Prospect Park, 7/16/2020

It’s been exactly a year since I started taking photos in the morning while walking the dog. I only posted them on Instagram at first, but my behavior looked suspicious to the algorithm (I can only post on Instagram by telling my laptop’s web browser to pretend to be a cell phone), and Instagram locked me out of my account after a few weeks, so I started putting the photos up here on my blog in August. The idea was to photograph time, the way the color and the feeling of everything changes. A friend sent me an email recently, after reading Overthrow, saying that he lived in California now and liked being reminded of seasons. This made me very happy, because almost the first thing I imagine about a story is when in the year it’s happening (and also, when in the liturgical calendar, even though I’m not a churchgoer any more).

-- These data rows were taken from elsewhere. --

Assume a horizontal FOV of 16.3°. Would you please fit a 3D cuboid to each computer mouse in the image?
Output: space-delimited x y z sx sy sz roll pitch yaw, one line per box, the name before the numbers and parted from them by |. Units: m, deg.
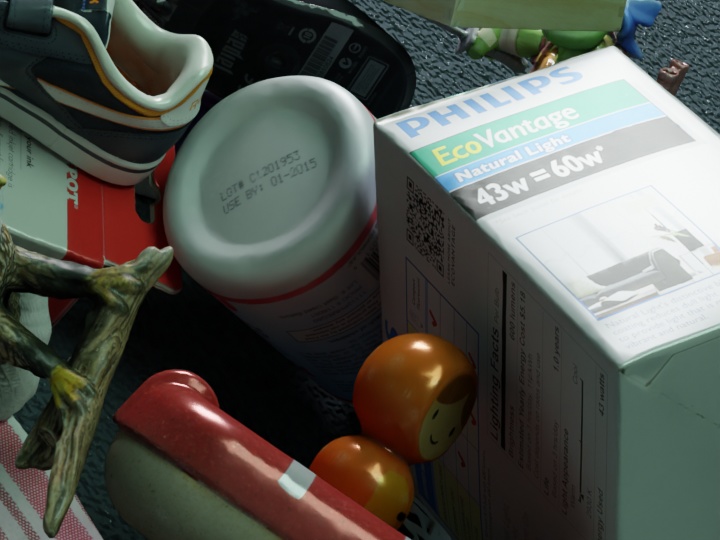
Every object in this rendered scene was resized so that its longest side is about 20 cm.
computer mouse | -0.054 -0.142 1.154 0.199 0.141 0.046 19 33 -17

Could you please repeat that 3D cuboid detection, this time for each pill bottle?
pill bottle | 0.000 0.000 1.183 0.200 0.108 0.109 44 25 -51

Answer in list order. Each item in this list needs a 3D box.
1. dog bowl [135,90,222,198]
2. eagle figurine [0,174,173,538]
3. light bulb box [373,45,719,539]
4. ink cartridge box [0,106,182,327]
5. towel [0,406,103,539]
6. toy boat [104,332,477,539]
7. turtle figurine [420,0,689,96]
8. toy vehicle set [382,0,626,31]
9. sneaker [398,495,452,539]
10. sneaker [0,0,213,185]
dog bowl | -0.105 -0.138 1.281 0.199 0.079 0.201 27 40 -25
eagle figurine | -0.179 -0.010 0.990 0.199 0.152 0.152 25 24 -9
light bulb box | 0.106 0.045 1.061 0.124 0.199 0.200 -18 39 -20
ink cartridge box | -0.181 -0.046 1.125 0.199 0.067 0.117 22 42 -29
towel | -0.203 0.095 1.004 0.147 0.030 0.199 52 36 13
toy boat | 0.003 0.085 0.999 0.199 0.131 0.131 34 -6 -2
turtle figurine | 0.068 -0.064 1.333 0.199 0.195 0.144 -17 36 -11
toy vehicle set | 0.020 -0.157 1.237 0.124 0.027 0.199 -3 22 -44
sneaker | 0.007 0.135 1.136 0.072 0.073 0.200 43 34 -1
sneaker | -0.156 -0.114 1.093 0.199 0.079 0.079 25 41 -25
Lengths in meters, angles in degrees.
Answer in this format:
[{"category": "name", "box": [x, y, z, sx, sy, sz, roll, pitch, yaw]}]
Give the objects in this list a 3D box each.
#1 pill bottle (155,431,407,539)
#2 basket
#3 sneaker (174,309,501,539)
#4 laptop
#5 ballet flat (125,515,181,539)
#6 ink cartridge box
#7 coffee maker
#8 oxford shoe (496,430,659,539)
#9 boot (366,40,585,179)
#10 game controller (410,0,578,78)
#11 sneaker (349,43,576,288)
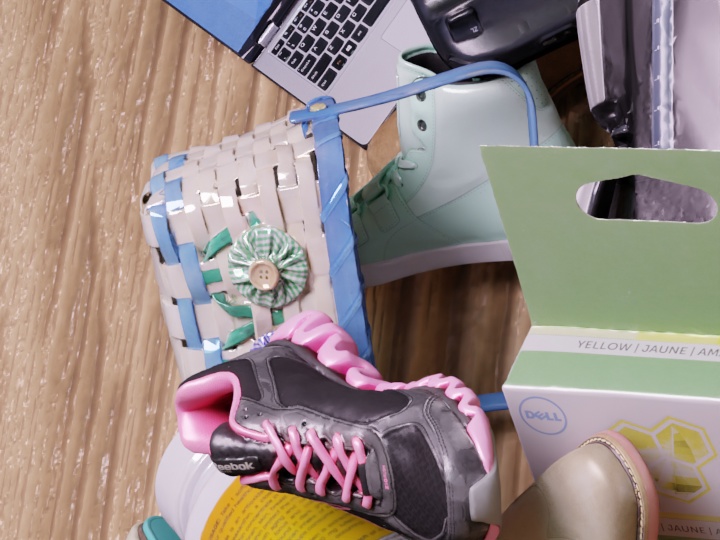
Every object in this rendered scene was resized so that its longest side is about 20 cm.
[{"category": "pill bottle", "box": [-0.019, 0.146, 1.321, 0.111, 0.111, 0.200, -53, 45, 3]}, {"category": "basket", "box": [0.000, 0.000, 1.313, 0.199, 0.178, 0.139, -14, 18, -3]}, {"category": "sneaker", "box": [-0.015, 0.078, 1.157, 0.200, 0.095, 0.080, 22, 120, 56]}, {"category": "laptop", "box": [-0.026, -0.206, 1.525, 0.188, 0.116, 0.200, -55, 44, 3]}, {"category": "ballet flat", "box": [-0.076, 0.206, 1.376, 0.070, 0.069, 0.200, -49, 39, 7]}, {"category": "ink cartridge box", "box": [0.131, 0.040, 1.130, 0.145, 0.201, 0.048, 3, 44, 28]}, {"category": "coffee maker", "box": [0.187, -0.039, 1.226, 0.191, 0.135, 0.202, -1, 80, 21]}, {"category": "oxford shoe", "box": [0.064, 0.148, 1.160, 0.071, 0.073, 0.201, 55, 135, 31]}, {"category": "boot", "box": [0.071, -0.112, 1.419, 0.200, 0.075, 0.074, -35, 50, 22]}, {"category": "game controller", "box": [0.116, -0.175, 1.327, 0.199, 0.042, 0.105, -25, 60, 1]}, {"category": "sneaker", "box": [0.022, -0.060, 1.390, 0.199, 0.119, 0.074, -10, 21, 29]}]

My initial plan was to take a picture of the same vista every day, but even on day one, I could tell I didn’t have that much discipline. I just photographed what caught my eye. The first lens I had could do portraits, close-ups, and landscapes, but not long distance, so flowers and mushrooms were more likely subjects than birds or butterflies. It wasn’t until March that I got a second-hand telephoto lens, just in time for the spring migration season for warblers and their friends.

Pokeweed, Prospect Park

Almost my first impulse, when I see something that I want to take a picture of, is to be ashamed of wanting to photograph something so trite. Oh, that’s always there, I tell myself. Everyone sees that all the time. It’s not true. You may think, as a way of dismissing yourself, that there are going to be a lot of mornings when the sun slants through the grove of American sycamores, while its rays are being made visible by a mist, and that it isn’t special, but in a year, there was only one morning when that happened.

Bumblebee on sunflower, Prospect Park

A dozen digital photos cost as much as one, so I take a lot, and sometimes, later, at home, while reviewing a series, I’ll discover that the moment that caught my eye was even briefer than I suspected while I was caught up in it—that the light was only at the necessary angle, and in the right hue, for a few seconds, for the first photo or two in the series.

Eastern comma, Prospect Park

There are two kinds of wild raspberries in Prospect Park—one with white flowers and compact berries, and one with pink flowers and dome-shaped, sweeter berries. I only figured this out a couple of days ago. Often, if a passerby asks me what I’m looking at, I mumble, because I don’t know. I aspire to being able to figure it out at home later, but I don’t even always manage this. Or they ask, “Are you looking at the hawk?” which I’m almost never looking at. For some reason, I almost never see a red-tailed hawk except in the evenings, when I don’t have my camera.

Milkweed, Prospect Park

Is it peaceful to spend an hour in nature in the morning? I don’t know. There’s a lot of conflict in nature. Insects aren’t the friends of other insects. It occurred to me yesterday, while watching sparrows flitting about with the detritus of mostly-eaten insects sticking out of their beaks, Oh, they don’t have arms or hands, so they can’t wipe their mouths, and probably dinosaurs also went around with the gore of the last meal drooping from the sides of their maws. If I’m able to identify a flower, it often turns out to be invasive—to be a weed, basically, flourishing in large part thanks to human disruption of the landscape. But that’s the almost universal condition for flourishing, now; that’s what it is now to be alive.